The paint masters led with a pep talk, “Nothing is precious. You’re painting your part. But you’re also painting everyone else’s part. And no matter what happens, once it’s wrapped around a box, it’s gonna look great. There are no mistakes.” Someone might paint over what you did!? Nothing is precious!? Nothing is sacred!?
We would divide all the paper up at the end and you'd go home with two rolls. So you might not even be the one who ends up with the piece you’re working on!?
I don’t know what I thought it was going to be like. We're all painting our own? Or maybe I’d have a neat little corner? A section I completely controlled? Something I could quietly measure as “good enough” or “not quite right.”
Instead, this became fully collaborative. Fully surrendered. Fully not about me.
And something lovely happened the moment I released ownership: The whole thing got lighter. Fun showed up instead of pressure.
We laughed. We roasted each other. “You did not just put dots on my ornament!”
We encouraged each other. “That blob was nothing until you saved it with that detail! Yes! Thank you!”
And just like real art… The end result didn’t reveal itself all at once. It emerged in little surprises. Layer by layer. Idea by idea. Person by person.
"I think something inside me healed tonight?" I laughed as tried to pick a stray paint-fleck out of my joggers.
Collaboration means your idea is never the final destination—it’s the launch point. You go places you never would have gone alone. And the result is often better because your original vision had to loosen its grip.

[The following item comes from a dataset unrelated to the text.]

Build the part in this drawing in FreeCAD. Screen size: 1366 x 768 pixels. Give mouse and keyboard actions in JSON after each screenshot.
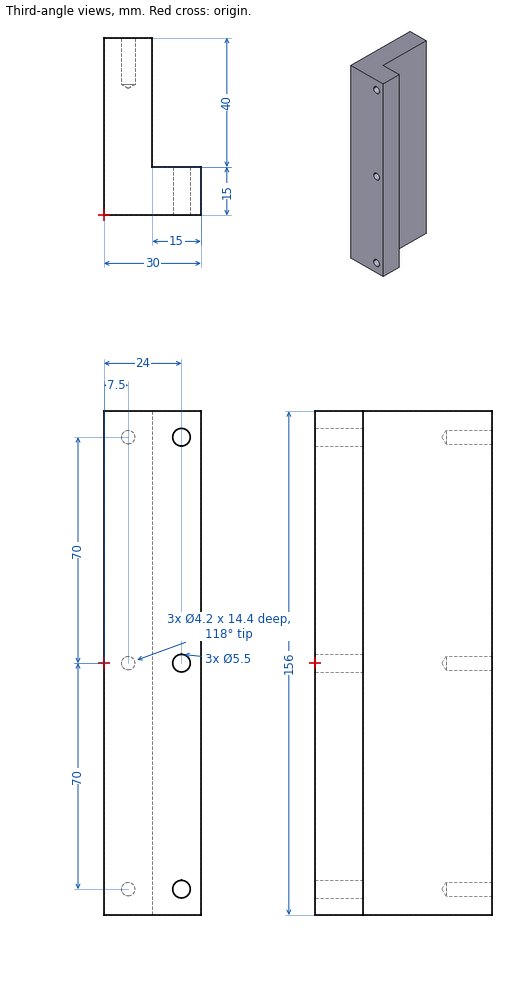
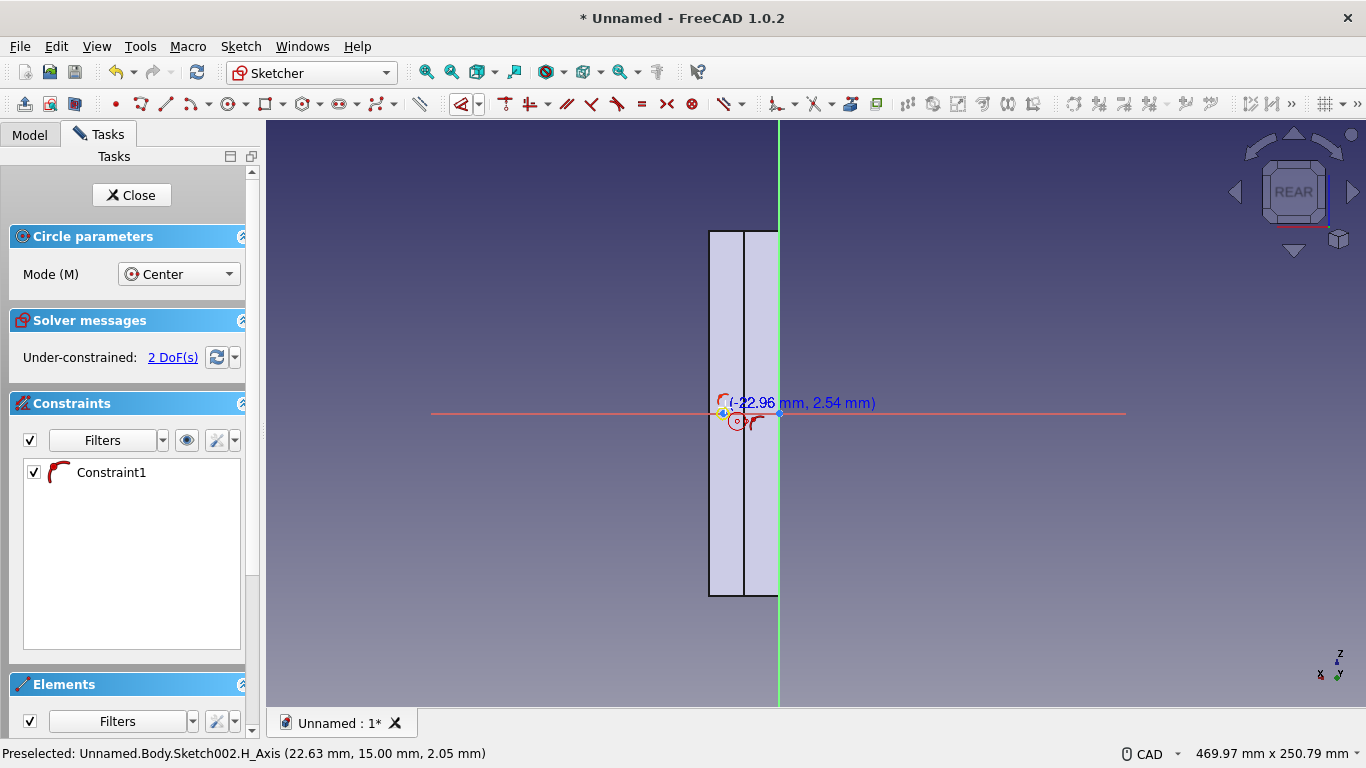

“I have half of an idea”, we say in our comedy sketch writer’s meetings before starting our pitch. We phrase it this way because we know after years of collaborating that no idea will leave exactly the way we came in with it.
How beautiful. How freeing.
This is also why I love improv comedy so much.
The most foundational rule of improv is “yes, and.” You accept what your scene partner just created—and then you add to it.
So if they decide you’re in outer space, you’d better start fake-floating. You don’t argue. You don’t correct. You meet them where they are and build forward.
If you’ve ever watched bad improv, you know exactly what happens when ego shows up: “Welcome to your dentist appointment.” “We're not at the dentist, grandma. This is a baseball game. Did you forget to take your meds again?” Painful. Cringey. Dead in the water.
Collaboration only works when ego stays outside the room.
That’s true in art. In business. In marriage. In parenting. In friendship.
The wrapping paper craft night became a live demonstration of this truth: You don’t have to protect every idea like it’s fragile. You don’t have to be the sole architect of every outcome.
Sometimes the most beautiful results come when you let someone paint over your original plan.
Simple Ideas to Practice Collaboration This Week (At Work and at Home)
• Let your partner/kid/teammate solve the problem their way—even if it’s not your way
• Share a messy first draft instead of a polished one
• Let someone else lead a meeting, a meal, or a plan
• Practice “progress over preference”
• Practice “best idea wins”. (Sometimes it is yours. Sometimes it’s not. "Kill your darlings".)
• Try “yes, and” as your default instead of “no, but”. (Just test it out for a day and see what happens.)
Collaboration is a demanding mistress.
She asks you to give up control.
But in exchange, you receive something more dynamic, creative, and alive. And the most powerful byproduct: you don't have to bear the outcome alone.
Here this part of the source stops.